Я очень не хочу показаться занудным, но здесь мне нужно сделать небольшое отступление о литературной генеалогии (чуть не написал «генИалогии»!) Дмитрия Ивановича (о его личной родословной мы поговорим потом). Особое значение для поэтического формирования Хвостова имел кружок братьев Кариных, его родственников по матери. Братья принадлежали, как пишет историк русской словесности, «к первой по времени категории светских юношей, принявших участие в литературном движении, которое заявило себя почти одновременно около эпохи восшествия на престол Екатерины II» [РС: I, 74]. Старший из братьев А.Г. Карин, принимавший активное участие в екатерининском перевороте, был литератором, автором драм и од. Рано умер, оставив Хвостову в наследство свою богатую библиотеку, которую тот хранил как святыню до конца дней. Идеологом кружка был Федор Григорьевич Карин (ок. 1740–1800) – драматург, прозаик и талантливый лингвист, автор замечательного трактата о «преобразителях российского языка», написанного в ответ на послание самолюбивого стихотворца Николева (мне очень нравится, коллега, часть Вашей недавней книги, посвященная жизни и творчеству этого поэта, особенно главы пятая, шестая, десятая и двенадцатая [Альтшуллер 2014]) «на случай преставления Александра Петровича Сумарокова» (отд. изд.: М., 1778).
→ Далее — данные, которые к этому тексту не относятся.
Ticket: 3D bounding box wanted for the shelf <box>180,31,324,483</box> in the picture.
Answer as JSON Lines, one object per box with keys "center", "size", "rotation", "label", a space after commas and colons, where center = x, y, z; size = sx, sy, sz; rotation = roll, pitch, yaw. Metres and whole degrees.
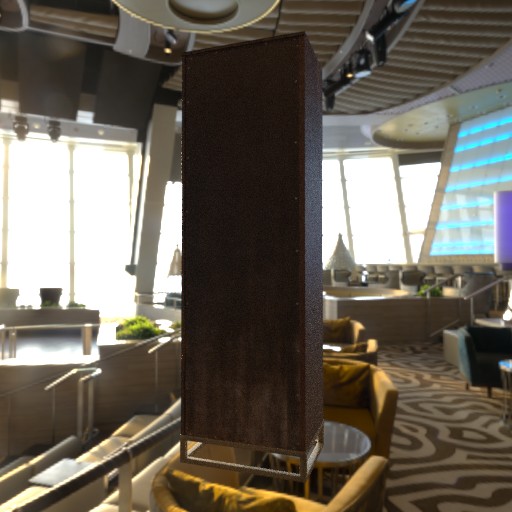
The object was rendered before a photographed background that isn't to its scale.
{"center": [0.000, 0.000, 1.971], "size": [0.539, 1.732, 0.395], "rotation": [0, -1, 19], "label": "shelf"}
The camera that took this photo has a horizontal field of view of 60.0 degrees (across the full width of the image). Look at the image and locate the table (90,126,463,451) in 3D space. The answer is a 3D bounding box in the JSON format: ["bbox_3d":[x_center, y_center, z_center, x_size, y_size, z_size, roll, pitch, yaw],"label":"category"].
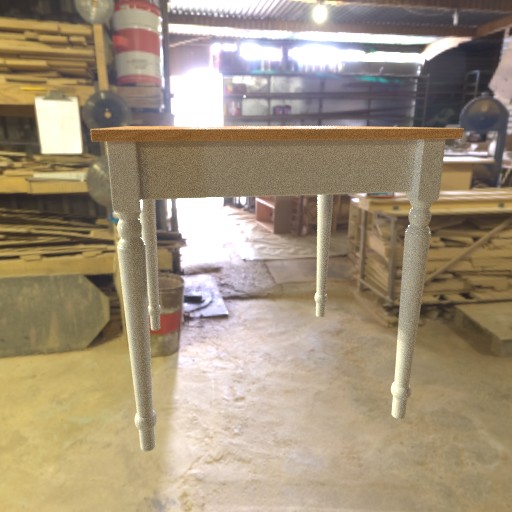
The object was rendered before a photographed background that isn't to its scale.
[{"bbox_3d":[0.000,0.000,1.321,0.747,0.738,0.747,-3,17,-10],"label":"table"}]
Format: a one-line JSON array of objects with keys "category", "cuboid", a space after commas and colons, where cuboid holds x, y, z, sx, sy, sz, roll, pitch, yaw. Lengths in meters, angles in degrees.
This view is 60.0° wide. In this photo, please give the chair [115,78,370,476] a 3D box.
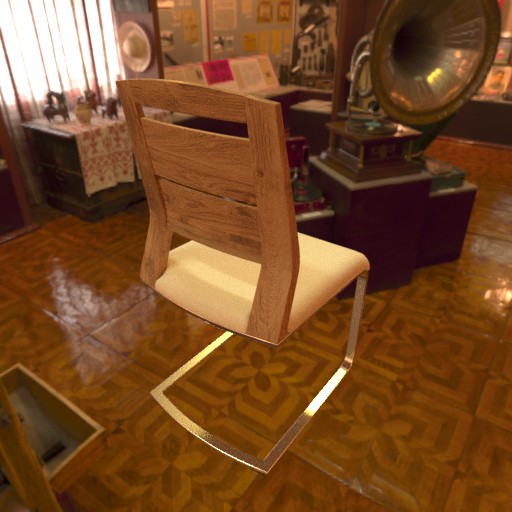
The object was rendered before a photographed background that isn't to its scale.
[{"category": "chair", "cuboid": [0.000, 0.000, 1.216, 0.457, 0.955, 0.561, 21, 36, 32]}]
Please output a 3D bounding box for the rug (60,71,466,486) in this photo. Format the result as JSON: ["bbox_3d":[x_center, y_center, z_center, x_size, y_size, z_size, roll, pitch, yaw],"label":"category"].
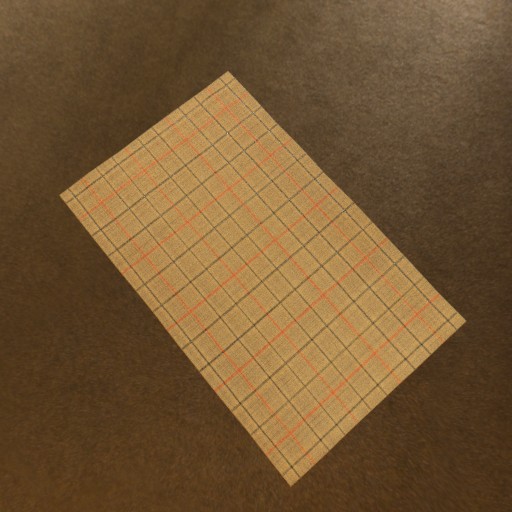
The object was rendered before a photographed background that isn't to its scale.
[{"bbox_3d":[0.000,0.000,2.987,1.524,0.015,2.439,-40,80,-9],"label":"rug"}]
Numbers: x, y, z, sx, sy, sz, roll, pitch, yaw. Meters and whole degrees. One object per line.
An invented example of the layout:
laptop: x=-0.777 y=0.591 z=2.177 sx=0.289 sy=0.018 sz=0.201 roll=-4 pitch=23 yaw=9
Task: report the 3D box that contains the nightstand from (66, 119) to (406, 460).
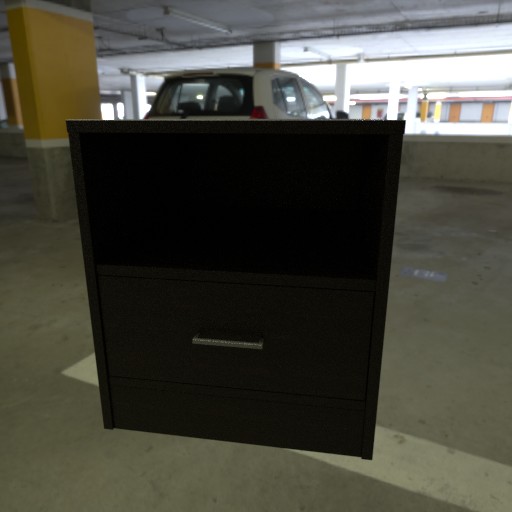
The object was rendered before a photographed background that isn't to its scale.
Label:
nightstand: x=0.000 y=0.000 z=0.780 sx=0.400 sy=0.460 sz=0.461 roll=3 pitch=18 yaw=9
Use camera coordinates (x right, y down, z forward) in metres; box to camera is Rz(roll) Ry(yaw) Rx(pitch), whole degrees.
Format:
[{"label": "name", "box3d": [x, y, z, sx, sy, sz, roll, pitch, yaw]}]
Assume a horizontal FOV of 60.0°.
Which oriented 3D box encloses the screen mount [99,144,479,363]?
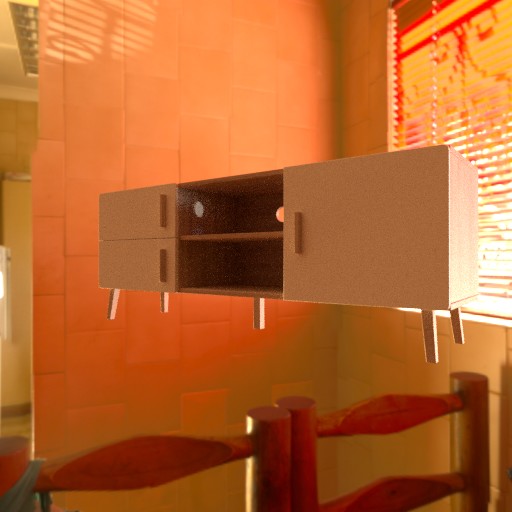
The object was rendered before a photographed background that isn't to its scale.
[{"label": "screen mount", "box3d": [0.000, 0.000, 1.726, 1.500, 0.570, 0.420, 0, 0, 36]}]
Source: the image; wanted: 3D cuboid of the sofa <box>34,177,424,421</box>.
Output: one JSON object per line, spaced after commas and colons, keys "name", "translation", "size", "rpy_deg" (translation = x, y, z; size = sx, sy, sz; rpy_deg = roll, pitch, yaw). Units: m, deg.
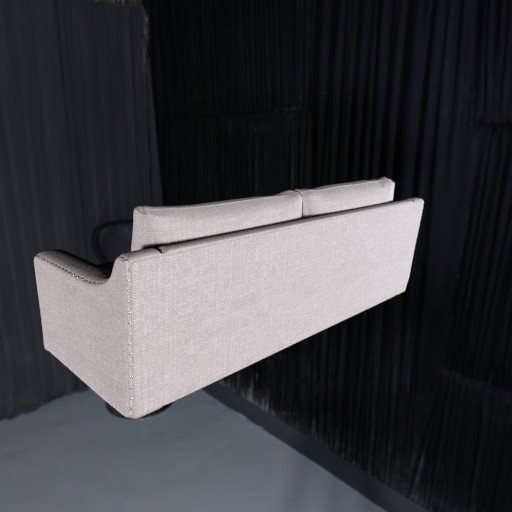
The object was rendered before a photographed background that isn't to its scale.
{"name": "sofa", "translation": [0.000, 0.000, 2.652], "size": [2.208, 0.857, 1.000], "rpy_deg": [-14, 20, -42]}
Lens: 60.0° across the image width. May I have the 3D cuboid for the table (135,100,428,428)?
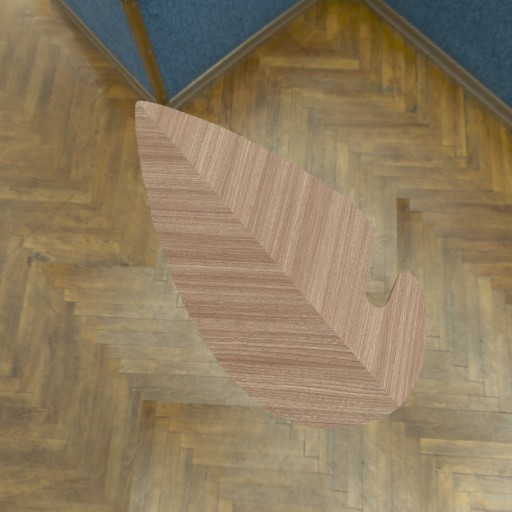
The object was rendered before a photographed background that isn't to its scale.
[{"bbox_3d":[0.000,0.000,1.471,0.598,0.360,1.199,-38,78,-9],"label":"table"}]
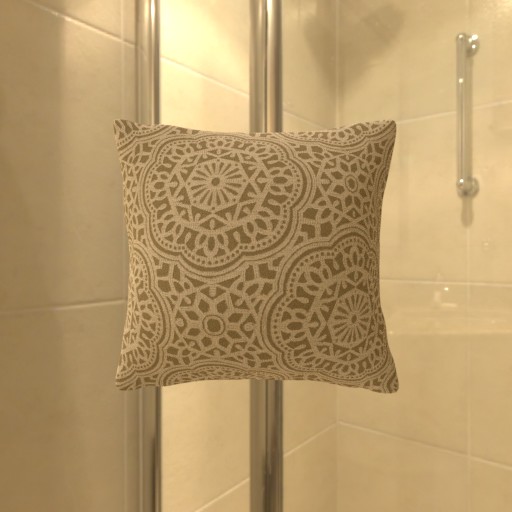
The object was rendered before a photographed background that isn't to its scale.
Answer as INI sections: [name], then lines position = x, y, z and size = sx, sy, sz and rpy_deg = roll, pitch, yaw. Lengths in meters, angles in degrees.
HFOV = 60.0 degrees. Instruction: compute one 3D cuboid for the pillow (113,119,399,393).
[pillow]
position = 0.000, 0.000, 0.681
size = 0.438, 0.421, 0.167
rpy_deg = 0, 0, 1

Смерть Сумарокова 1 октября 1777 года была воспринята участниками каринского кружка как символическое событие: они считали себя его наследниками, несмотря на некоторые, порою существенные разногласия с покойным. В своем трактате, представлявшем, по словам историка, «один из первых опытов нашей литературной критики», Карин назвал главными «преобразителями» русского языка Феофана Прокоповича, Михайлу Ломоносова и Александра Сумарокова. Заслугам последнего в трактате уделялось особое внимание: создатель русской трагедии и театра, автор притч, элегий и эклог, «которых Франция не имеет еще и поныне». Сумароков, писал Карин, «проник до самого источника красоты стихотворства и простой речи и тем преобразил его и дал ему новую силу» [Саитов: 18][32]. Первое достоинство всякого сочинения, по Карину, – это ясность. Высокий слог, утверждал он, не всегда хорош, ибо «мысль может из пышных слов состоять малая, и под самыми простыми выражениями заключаться великая» [там же: 16]. Предвосхищая карамзинскую реформу литературного языка, Карин требовал от авторов «избегать не только темноты, происходящей от несвойственного сложения речи, но и всего того, что от времени, или от измены в разговоре или от чего другого делается непонятным» [там же]. Он писал:
Как искусный садовник молодым прививком обновляет старое дерево, очищая засохлыя на нем лозы и терния, при корне его растущия, так приведенныя мною здесь великия писатели поступили в преображении нашего языка, который сам по себе был беден, а подделанный к славянскому сделался уже безобразен [оттуда же: 17].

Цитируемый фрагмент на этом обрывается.